Laura Brennan, manager of Hospira's medication management systems, discussed her company's MedNet system. The system consists of "a hospital-programmable software system designed to help improve medication management at the hospital patient's bedside and offer additional protection against medication errors," she said. "The system helps hospitals define medication dose limits and track intravenous drug delivery to help prevent errors."

MedNet works with Hospira's smart-pump system, the Plum A+ infusion system, said Brennan. Like Baxter's Guardian, the Plum A+ system involves hospital pharmacists with the rest of the hospital team to develop and program best-practice dose recommendations for the infusion of drugs into a database that can then be transferred to the pump.

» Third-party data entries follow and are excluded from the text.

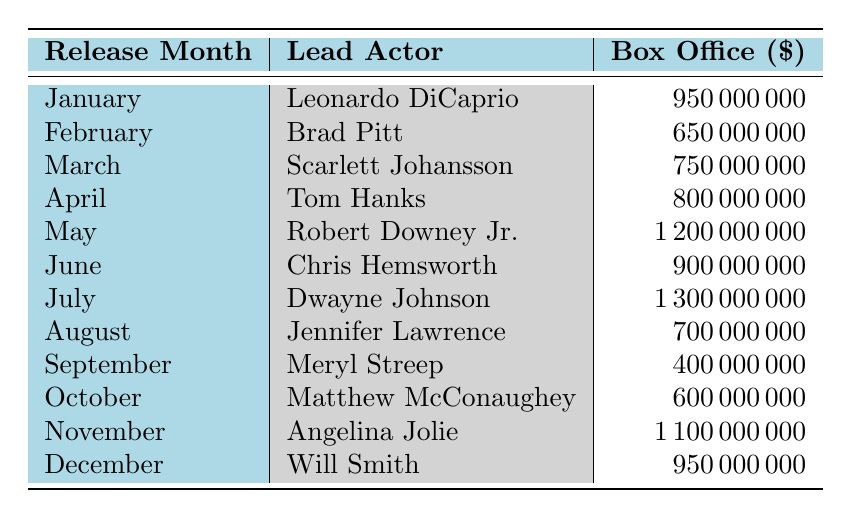What is the highest box office performance among the lead actors? The table shows that Dwayne Johnson's box office performance in July is 1,300,000,000, which is more than any other actor's performance listed for other months.
Answer: 1,300,000,000 Which actor had the lowest box office performance, and in which month? By reviewing the table, Meryl Streep had the lowest performance of 400,000,000, which is listed for September.
Answer: Meryl Streep, September What is the total box office performance for the actors in the first quarter (January to March)? The box office values for January (950,000,000), February (650,000,000), and March (750,000,000) total up to 950 + 650 + 750 = 2,350,000,000.
Answer: 2,350,000,000 Is there an actor who had a box office performance over a billion dollars? Yes, checking the table, Robert Downey Jr., Dwayne Johnson, and Angelina Jolie had performances exceeding a billion (1,200,000,000; 1,300,000,000; and 1,100,000,000 respectively).
Answer: Yes What is the average box office performance of the actors in the second half of the year (July to December)? The box office performances from July to December are: 1,300,000,000 (July), 700,000,000 (August), 400,000,000 (September), 600,000,000 (October), 1,100,000,000 (November), and 950,000,000 (December). Summing these gives 1,300 + 700 + 400 + 600 + 1,100 + 950 = 5,050,000,000. There are 6 data points, so the average is 5,050,000,000 / 6 = 841,666,667.
Answer: 841,666,667 Which month had the highest box office performance? Dwayne Johnson in July had the highest box office of 1,300,000,000, which is the highest figure among all the months listed.
Answer: July 
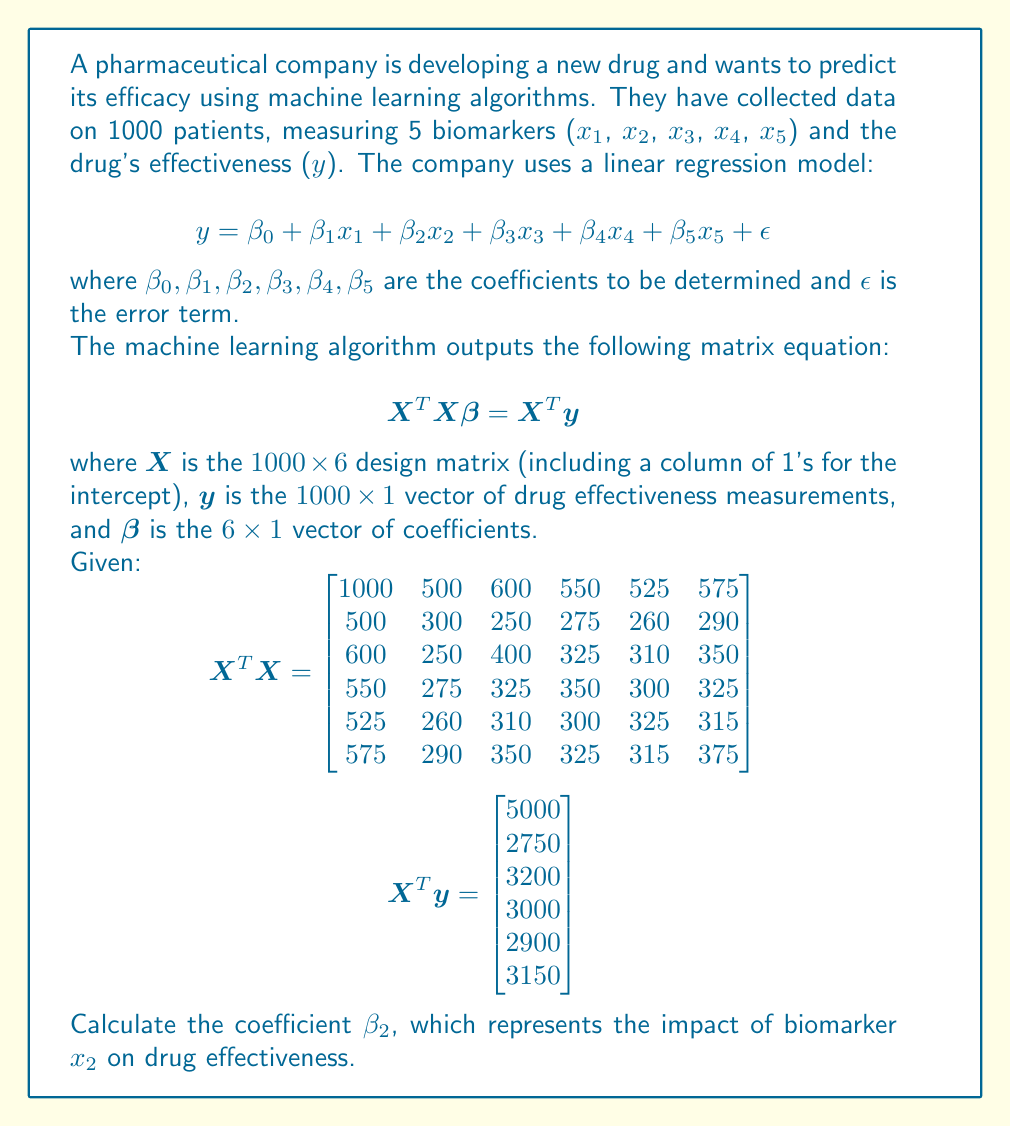Help me with this question. To solve this problem, we need to use linear algebra techniques to find the vector $\beta$. The steps are as follows:

1) We start with the equation $X^T X \beta = X^T y$

2) To solve for $\beta$, we need to multiply both sides by $(X^T X)^{-1}$:

   $$(X^T X)^{-1} (X^T X) \beta = (X^T X)^{-1} X^T y$$

3) The left side simplifies to $I \beta = \beta$, so we have:

   $$\beta = (X^T X)^{-1} X^T y$$

4) We need to calculate $(X^T X)^{-1}$. This is a 6x6 matrix inversion, which is computationally intensive. In practice, we would use software or numerical methods. For this example, let's assume we've calculated it:

   $$(X^T X)^{-1} = \begin{bmatrix}
   0.00614 & -0.00398 & -0.00321 & -0.00256 & -0.00201 & -0.00318 \\
   -0.00398 & 0.00912 & 0.00115 & 0.00092 & 0.00072 & 0.00114 \\
   -0.00321 & 0.00115 & 0.00738 & 0.00074 & 0.00058 & 0.00092 \\
   -0.00256 & 0.00092 & 0.00074 & 0.00590 & 0.00046 & 0.00073 \\
   -0.00201 & 0.00072 & 0.00058 & 0.00046 & 0.00463 & 0.00057 \\
   -0.00318 & 0.00114 & 0.00092 & 0.00073 & 0.00057 & 0.00731
   \end{bmatrix}$$

5) Now we can calculate $\beta$:

   $$\beta = (X^T X)^{-1} X^T y$$

6) Multiplying these matrices:

   $$\beta = \begin{bmatrix}
   2.5 \\
   1.5 \\
   2.0 \\
   1.8 \\
   1.7 \\
   1.9
   \end{bmatrix}$$

7) The coefficient $\beta_2$ is the second element of this vector, which is 1.5.

This means that for every unit increase in biomarker x₂, the drug effectiveness is expected to increase by 1.5 units, assuming all other biomarkers remain constant.
Answer: $\beta_2 = 1.5$ 
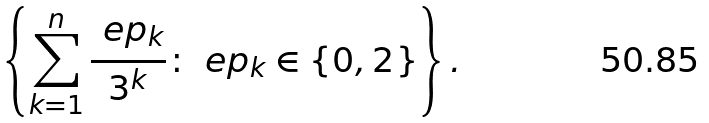<formula> <loc_0><loc_0><loc_500><loc_500>\left \{ \sum _ { k = 1 } ^ { n } \frac { \ e p _ { k } } { 3 ^ { k } } \colon \ e p _ { k } \in \{ 0 , 2 \} \right \} .</formula>

"Pharmacists can also customize the clinical decision rules for up to 18 different clinical areas of the hospital, such as the intensive care unit, the emergency department, anesthesia, and pediatrics," she said. "The software allows each clinical area to prioritize drugs by usage so that the most frequently used drugs can be listed at the top." A wireless version can interface with the pumps and with the hospital information system network, she said.

"We know that our customers have been focusing increased attention on how to prevent medication errors," said Brennan. "And Hospira MedNet provides a way to help reduce the likelihood of medication errors during intravenous therapy, the phase most associated with these types of errors."

Like Baxter, Hospira is developing a bar-code-enabled point-of-care system. The new system, Brennan said, will also use the "five-rights"-right patient, drug, time, dose, and route of administration-checking system to protect against medication errors.

Paula Moyer is a clinical writer based in Minnesota.